Supplied entries below:

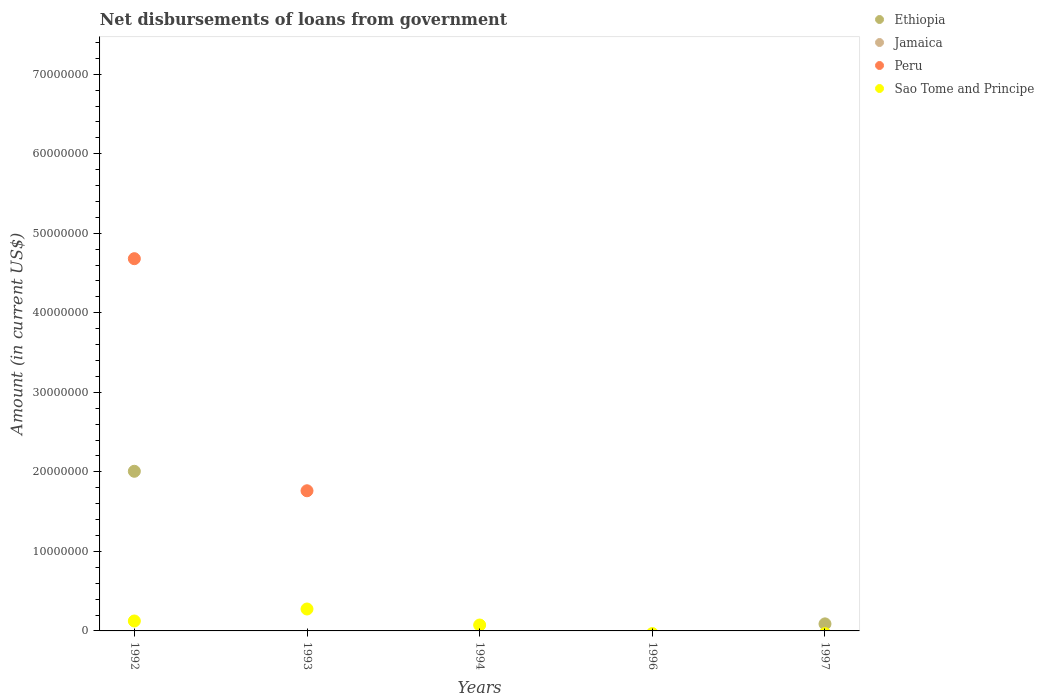How many different coloured dotlines are there?
Provide a short and direct response. 3. Is the number of dotlines equal to the number of legend labels?
Your answer should be compact. No. What is the amount of loan disbursed from government in Sao Tome and Principe in 1992?
Give a very brief answer. 1.25e+06. Across all years, what is the maximum amount of loan disbursed from government in Peru?
Ensure brevity in your answer.  4.68e+07. Across all years, what is the minimum amount of loan disbursed from government in Jamaica?
Your answer should be compact. 0. What is the total amount of loan disbursed from government in Peru in the graph?
Keep it short and to the point. 6.44e+07. What is the difference between the amount of loan disbursed from government in Peru in 1992 and that in 1993?
Offer a terse response. 2.92e+07. What is the difference between the amount of loan disbursed from government in Sao Tome and Principe in 1993 and the amount of loan disbursed from government in Ethiopia in 1992?
Your answer should be very brief. -1.73e+07. What is the average amount of loan disbursed from government in Ethiopia per year?
Ensure brevity in your answer.  4.19e+06. In the year 1992, what is the difference between the amount of loan disbursed from government in Peru and amount of loan disbursed from government in Ethiopia?
Your answer should be very brief. 2.67e+07. In how many years, is the amount of loan disbursed from government in Peru greater than 70000000 US$?
Your answer should be very brief. 0. What is the difference between the highest and the lowest amount of loan disbursed from government in Peru?
Your answer should be very brief. 4.68e+07. Is it the case that in every year, the sum of the amount of loan disbursed from government in Sao Tome and Principe and amount of loan disbursed from government in Peru  is greater than the amount of loan disbursed from government in Jamaica?
Make the answer very short. No. Does the amount of loan disbursed from government in Sao Tome and Principe monotonically increase over the years?
Give a very brief answer. No. Is the amount of loan disbursed from government in Jamaica strictly greater than the amount of loan disbursed from government in Sao Tome and Principe over the years?
Ensure brevity in your answer.  No. Is the amount of loan disbursed from government in Sao Tome and Principe strictly less than the amount of loan disbursed from government in Jamaica over the years?
Your response must be concise. No. Does the graph contain any zero values?
Offer a very short reply. Yes. Does the graph contain grids?
Make the answer very short. No. Where does the legend appear in the graph?
Your answer should be very brief. Top right. How many legend labels are there?
Give a very brief answer. 4. What is the title of the graph?
Provide a succinct answer. Net disbursements of loans from government. What is the label or title of the X-axis?
Make the answer very short. Years. What is the label or title of the Y-axis?
Keep it short and to the point. Amount (in current US$). What is the Amount (in current US$) in Ethiopia in 1992?
Make the answer very short. 2.01e+07. What is the Amount (in current US$) in Peru in 1992?
Offer a very short reply. 4.68e+07. What is the Amount (in current US$) of Sao Tome and Principe in 1992?
Offer a very short reply. 1.25e+06. What is the Amount (in current US$) in Ethiopia in 1993?
Provide a succinct answer. 0. What is the Amount (in current US$) in Peru in 1993?
Offer a terse response. 1.76e+07. What is the Amount (in current US$) of Sao Tome and Principe in 1993?
Make the answer very short. 2.76e+06. What is the Amount (in current US$) of Ethiopia in 1994?
Make the answer very short. 0. What is the Amount (in current US$) in Peru in 1994?
Give a very brief answer. 0. What is the Amount (in current US$) of Sao Tome and Principe in 1994?
Offer a very short reply. 7.42e+05. What is the Amount (in current US$) of Ethiopia in 1996?
Offer a terse response. 0. What is the Amount (in current US$) of Peru in 1996?
Ensure brevity in your answer.  0. What is the Amount (in current US$) of Sao Tome and Principe in 1996?
Make the answer very short. 0. What is the Amount (in current US$) of Ethiopia in 1997?
Ensure brevity in your answer.  8.86e+05. Across all years, what is the maximum Amount (in current US$) in Ethiopia?
Keep it short and to the point. 2.01e+07. Across all years, what is the maximum Amount (in current US$) in Peru?
Provide a short and direct response. 4.68e+07. Across all years, what is the maximum Amount (in current US$) in Sao Tome and Principe?
Your answer should be compact. 2.76e+06. What is the total Amount (in current US$) in Ethiopia in the graph?
Provide a succinct answer. 2.10e+07. What is the total Amount (in current US$) of Peru in the graph?
Offer a terse response. 6.44e+07. What is the total Amount (in current US$) of Sao Tome and Principe in the graph?
Offer a very short reply. 4.75e+06. What is the difference between the Amount (in current US$) of Peru in 1992 and that in 1993?
Provide a succinct answer. 2.92e+07. What is the difference between the Amount (in current US$) in Sao Tome and Principe in 1992 and that in 1993?
Your answer should be compact. -1.51e+06. What is the difference between the Amount (in current US$) in Sao Tome and Principe in 1992 and that in 1994?
Offer a very short reply. 5.07e+05. What is the difference between the Amount (in current US$) of Ethiopia in 1992 and that in 1997?
Your answer should be compact. 1.92e+07. What is the difference between the Amount (in current US$) of Sao Tome and Principe in 1993 and that in 1994?
Provide a succinct answer. 2.01e+06. What is the difference between the Amount (in current US$) in Ethiopia in 1992 and the Amount (in current US$) in Peru in 1993?
Your answer should be very brief. 2.45e+06. What is the difference between the Amount (in current US$) of Ethiopia in 1992 and the Amount (in current US$) of Sao Tome and Principe in 1993?
Ensure brevity in your answer.  1.73e+07. What is the difference between the Amount (in current US$) of Peru in 1992 and the Amount (in current US$) of Sao Tome and Principe in 1993?
Your answer should be very brief. 4.40e+07. What is the difference between the Amount (in current US$) of Ethiopia in 1992 and the Amount (in current US$) of Sao Tome and Principe in 1994?
Provide a succinct answer. 1.93e+07. What is the difference between the Amount (in current US$) of Peru in 1992 and the Amount (in current US$) of Sao Tome and Principe in 1994?
Your answer should be very brief. 4.61e+07. What is the difference between the Amount (in current US$) of Peru in 1993 and the Amount (in current US$) of Sao Tome and Principe in 1994?
Provide a short and direct response. 1.69e+07. What is the average Amount (in current US$) of Ethiopia per year?
Offer a very short reply. 4.19e+06. What is the average Amount (in current US$) in Jamaica per year?
Your answer should be very brief. 0. What is the average Amount (in current US$) of Peru per year?
Your answer should be very brief. 1.29e+07. What is the average Amount (in current US$) of Sao Tome and Principe per year?
Give a very brief answer. 9.49e+05. In the year 1992, what is the difference between the Amount (in current US$) of Ethiopia and Amount (in current US$) of Peru?
Ensure brevity in your answer.  -2.67e+07. In the year 1992, what is the difference between the Amount (in current US$) in Ethiopia and Amount (in current US$) in Sao Tome and Principe?
Keep it short and to the point. 1.88e+07. In the year 1992, what is the difference between the Amount (in current US$) of Peru and Amount (in current US$) of Sao Tome and Principe?
Offer a very short reply. 4.56e+07. In the year 1993, what is the difference between the Amount (in current US$) of Peru and Amount (in current US$) of Sao Tome and Principe?
Your answer should be very brief. 1.49e+07. What is the ratio of the Amount (in current US$) of Peru in 1992 to that in 1993?
Give a very brief answer. 2.66. What is the ratio of the Amount (in current US$) of Sao Tome and Principe in 1992 to that in 1993?
Keep it short and to the point. 0.45. What is the ratio of the Amount (in current US$) in Sao Tome and Principe in 1992 to that in 1994?
Ensure brevity in your answer.  1.68. What is the ratio of the Amount (in current US$) in Ethiopia in 1992 to that in 1997?
Provide a short and direct response. 22.66. What is the ratio of the Amount (in current US$) of Sao Tome and Principe in 1993 to that in 1994?
Provide a short and direct response. 3.71. What is the difference between the highest and the second highest Amount (in current US$) in Sao Tome and Principe?
Keep it short and to the point. 1.51e+06. What is the difference between the highest and the lowest Amount (in current US$) of Ethiopia?
Ensure brevity in your answer.  2.01e+07. What is the difference between the highest and the lowest Amount (in current US$) in Peru?
Your answer should be compact. 4.68e+07. What is the difference between the highest and the lowest Amount (in current US$) in Sao Tome and Principe?
Ensure brevity in your answer.  2.76e+06.

End of Supplied entries.

Problem statement: Look above for the line with "Offer a very short reply. Yes." and the line with "Make the answer very short. Years.", and reproduce exactly those two lines plus every line between, nothing more.

Response to this exercise:
Offer a very short reply. Yes. Does the graph contain grids?
Make the answer very short. No. Where does the legend appear in the graph?
Your answer should be very brief. Top right. How many legend labels are there?
Give a very brief answer. 4. What is the title of the graph?
Provide a succinct answer. Net disbursements of loans from government. What is the label or title of the X-axis?
Make the answer very short. Years. What is the label or title of the Y-axis?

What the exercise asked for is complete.